§ INFORMATION SUPPLIED
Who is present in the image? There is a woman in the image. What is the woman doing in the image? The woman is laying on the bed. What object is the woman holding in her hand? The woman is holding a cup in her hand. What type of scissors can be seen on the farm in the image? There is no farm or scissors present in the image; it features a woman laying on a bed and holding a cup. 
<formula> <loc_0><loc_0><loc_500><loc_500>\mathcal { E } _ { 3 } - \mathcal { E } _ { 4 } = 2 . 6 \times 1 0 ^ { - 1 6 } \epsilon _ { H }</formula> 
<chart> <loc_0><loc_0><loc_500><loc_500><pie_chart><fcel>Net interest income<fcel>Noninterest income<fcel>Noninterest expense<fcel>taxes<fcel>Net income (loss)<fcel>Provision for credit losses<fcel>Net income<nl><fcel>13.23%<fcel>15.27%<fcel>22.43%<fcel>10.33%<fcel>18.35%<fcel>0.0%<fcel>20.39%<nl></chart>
* * *
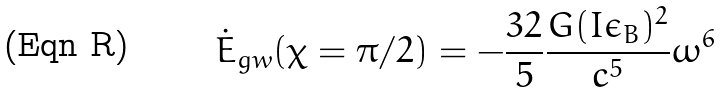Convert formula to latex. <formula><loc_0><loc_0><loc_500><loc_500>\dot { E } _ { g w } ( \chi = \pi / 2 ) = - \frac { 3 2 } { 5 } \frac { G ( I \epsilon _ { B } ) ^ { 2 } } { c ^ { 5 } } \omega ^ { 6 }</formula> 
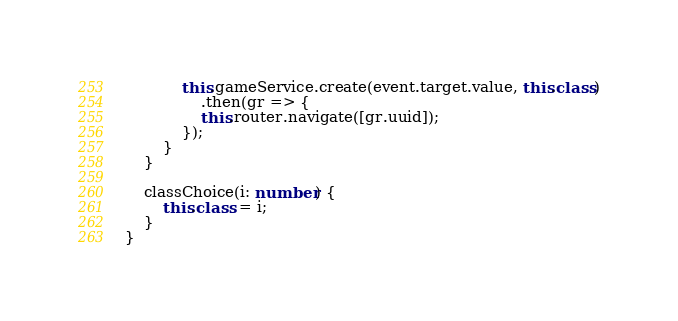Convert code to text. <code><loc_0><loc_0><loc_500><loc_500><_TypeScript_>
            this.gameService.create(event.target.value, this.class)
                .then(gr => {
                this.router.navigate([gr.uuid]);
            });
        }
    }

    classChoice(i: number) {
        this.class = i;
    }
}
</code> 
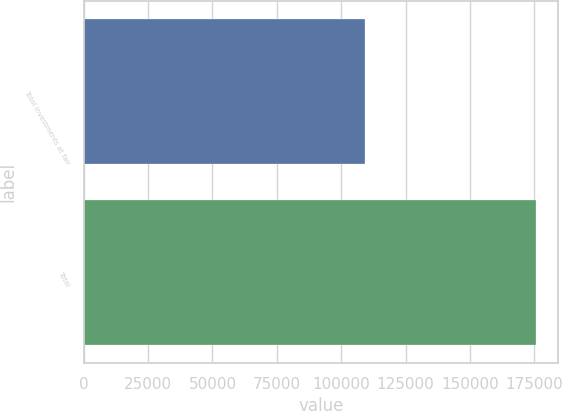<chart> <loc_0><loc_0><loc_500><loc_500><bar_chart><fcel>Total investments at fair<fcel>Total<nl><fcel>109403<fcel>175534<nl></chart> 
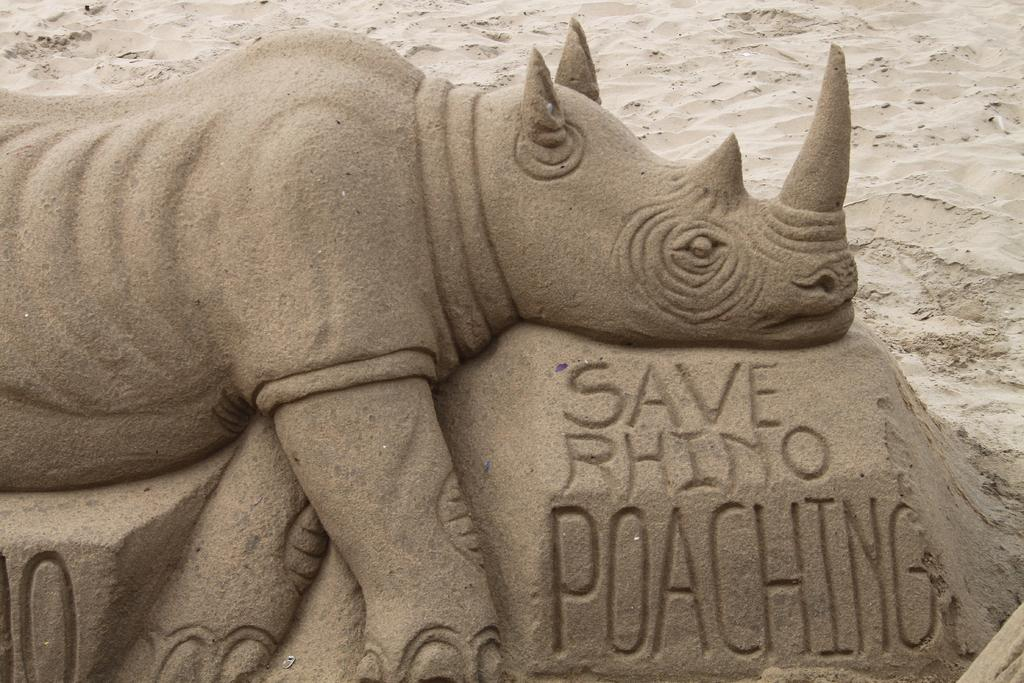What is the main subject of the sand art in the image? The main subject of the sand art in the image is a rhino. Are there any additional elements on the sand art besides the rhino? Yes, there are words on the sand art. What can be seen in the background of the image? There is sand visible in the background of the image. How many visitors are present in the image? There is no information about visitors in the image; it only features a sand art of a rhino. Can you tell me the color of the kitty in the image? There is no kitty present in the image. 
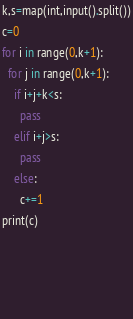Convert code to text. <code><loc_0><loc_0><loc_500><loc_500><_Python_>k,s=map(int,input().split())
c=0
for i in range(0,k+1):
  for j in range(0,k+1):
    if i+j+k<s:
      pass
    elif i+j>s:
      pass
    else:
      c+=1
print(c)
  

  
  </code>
* * *
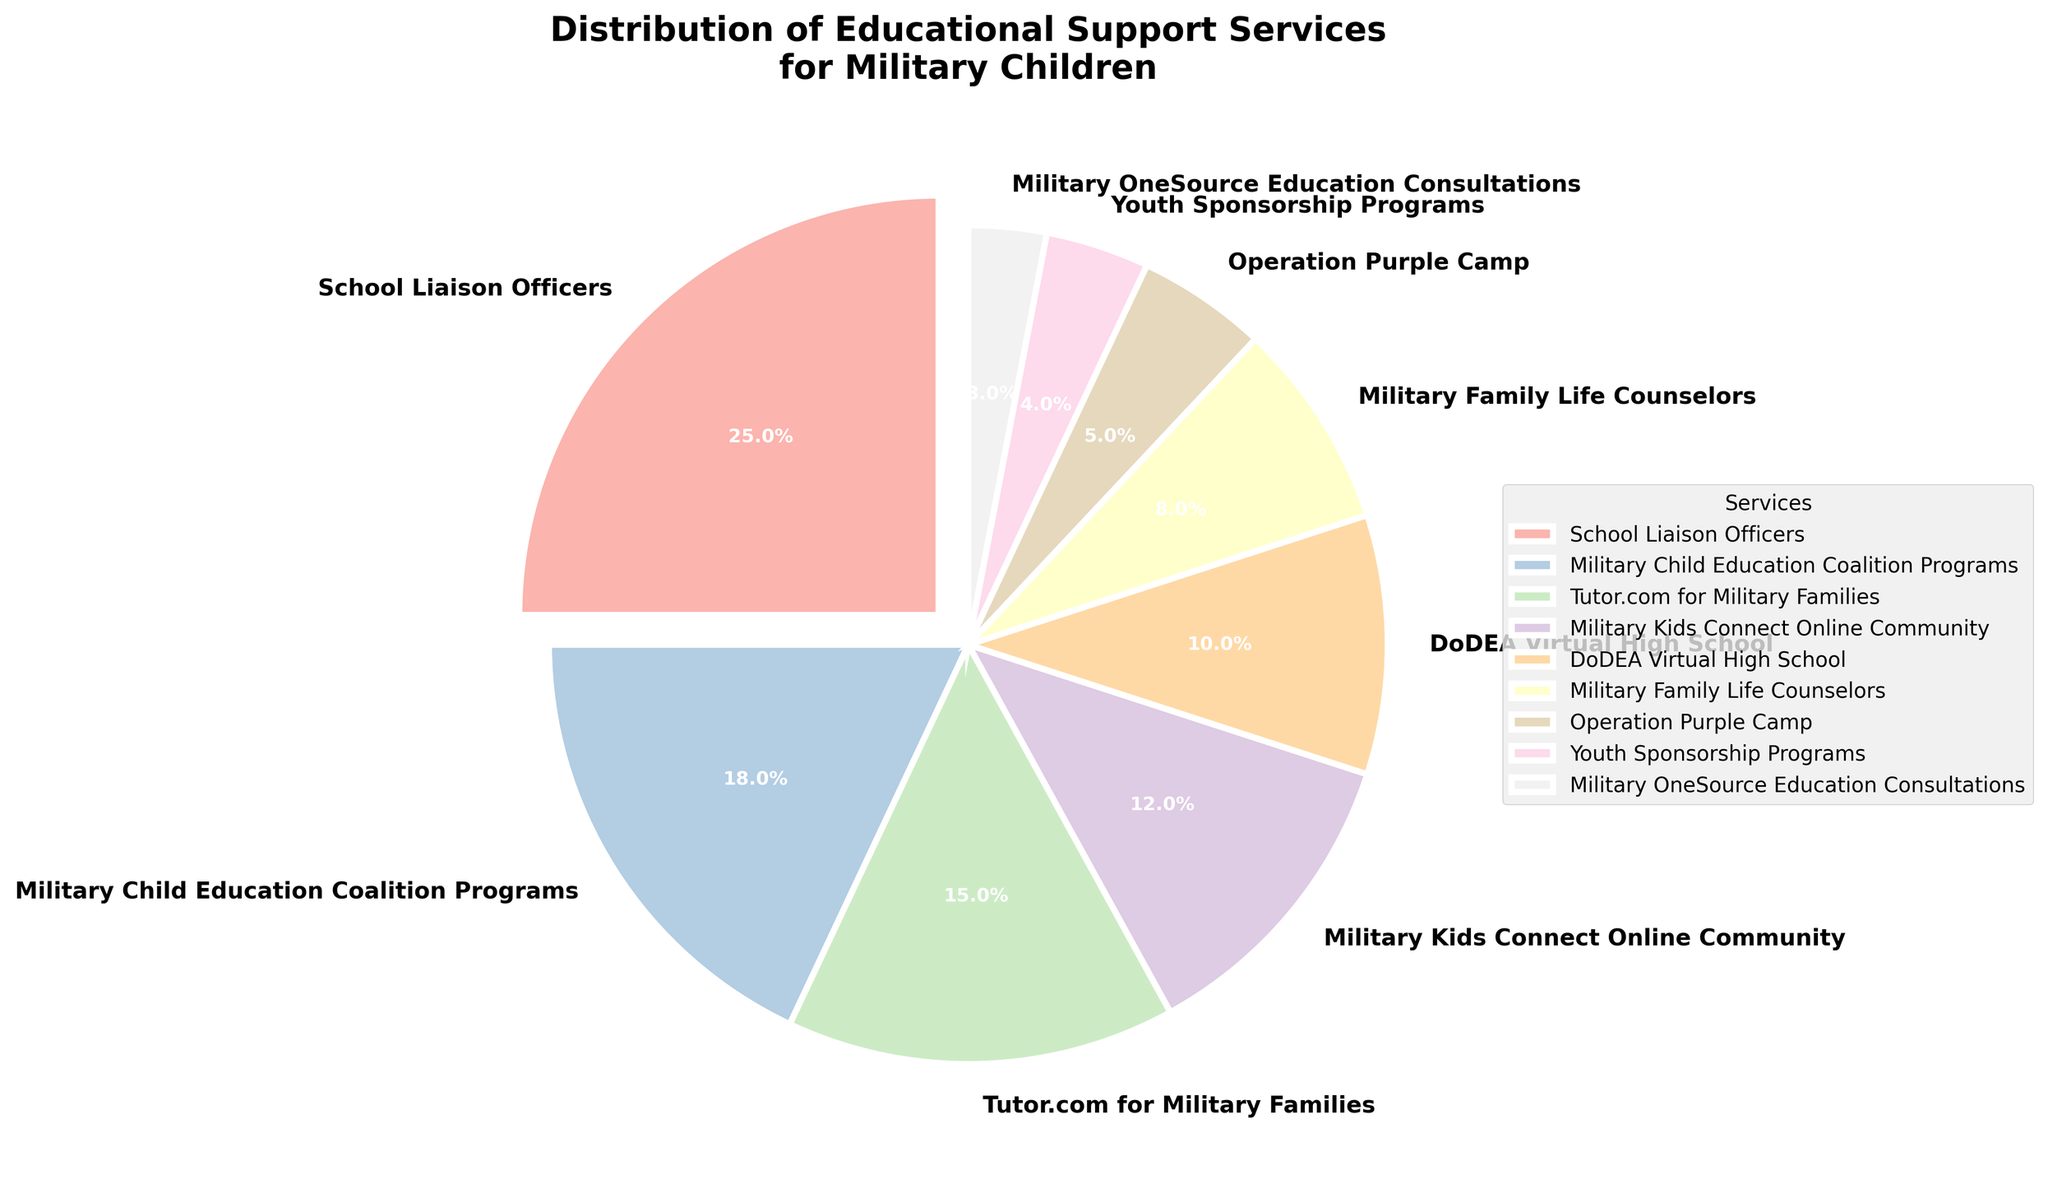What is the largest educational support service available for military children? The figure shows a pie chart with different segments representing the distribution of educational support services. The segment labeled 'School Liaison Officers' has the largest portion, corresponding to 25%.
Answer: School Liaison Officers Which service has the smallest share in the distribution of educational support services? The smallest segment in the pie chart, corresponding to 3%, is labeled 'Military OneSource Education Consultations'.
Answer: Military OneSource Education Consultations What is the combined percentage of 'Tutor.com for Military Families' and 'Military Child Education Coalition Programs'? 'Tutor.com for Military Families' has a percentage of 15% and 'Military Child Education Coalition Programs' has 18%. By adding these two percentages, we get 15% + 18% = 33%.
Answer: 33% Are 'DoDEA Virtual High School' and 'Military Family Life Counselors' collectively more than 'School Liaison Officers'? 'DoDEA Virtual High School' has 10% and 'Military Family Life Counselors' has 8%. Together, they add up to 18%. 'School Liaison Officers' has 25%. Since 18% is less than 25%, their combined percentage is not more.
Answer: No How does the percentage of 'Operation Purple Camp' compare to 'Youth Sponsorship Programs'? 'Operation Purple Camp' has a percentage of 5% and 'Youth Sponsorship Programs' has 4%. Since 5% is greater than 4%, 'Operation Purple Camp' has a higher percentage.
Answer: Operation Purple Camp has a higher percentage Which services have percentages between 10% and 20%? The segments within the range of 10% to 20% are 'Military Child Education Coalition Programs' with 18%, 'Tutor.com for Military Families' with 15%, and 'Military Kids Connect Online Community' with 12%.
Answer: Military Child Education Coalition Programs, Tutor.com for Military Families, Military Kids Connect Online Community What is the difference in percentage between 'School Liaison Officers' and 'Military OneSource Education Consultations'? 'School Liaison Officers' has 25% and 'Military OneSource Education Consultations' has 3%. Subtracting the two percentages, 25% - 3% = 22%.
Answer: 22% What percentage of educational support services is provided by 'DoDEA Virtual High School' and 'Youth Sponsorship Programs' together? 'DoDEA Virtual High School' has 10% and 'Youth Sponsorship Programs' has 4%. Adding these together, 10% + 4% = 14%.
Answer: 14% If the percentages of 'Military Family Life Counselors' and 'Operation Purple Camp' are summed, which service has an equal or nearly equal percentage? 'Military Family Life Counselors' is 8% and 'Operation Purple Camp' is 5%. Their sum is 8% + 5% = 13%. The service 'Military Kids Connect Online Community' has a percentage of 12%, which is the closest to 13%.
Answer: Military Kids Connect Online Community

§ TASK INSTRUCTIONS
The entries above hold the needed span. Transcribe exactly the lines from the one with "Who is present" to the one with "interest income<fcel>Noninterest income<fcel>Noninterest", both included.

§ TASK SOLUTION
Who is present in the image? There is a woman in the image. What is the woman doing in the image? The woman is laying on the bed. What object is the woman holding in her hand? The woman is holding a cup in her hand. What type of scissors can be seen on the farm in the image? There is no farm or scissors present in the image; it features a woman laying on a bed and holding a cup. 
<formula> <loc_0><loc_0><loc_500><loc_500>\mathcal { E } _ { 3 } - \mathcal { E } _ { 4 } = 2 . 6 \times 1 0 ^ { - 1 6 } \epsilon _ { H }</formula> 
<chart> <loc_0><loc_0><loc_500><loc_500><pie_chart><fcel>Net interest income<fcel>Noninterest income<fcel>Noninterest expense<fcel>taxes<fcel>Net income (loss)<fcel>Provision for credit losses<fcel>Net income<nl><fcel>13.23%<fcel>15.27%<fcel>22.43%<fcel>10.33%<fcel>18.35%<fcel>0.0%<fcel>20.39%<nl></chart>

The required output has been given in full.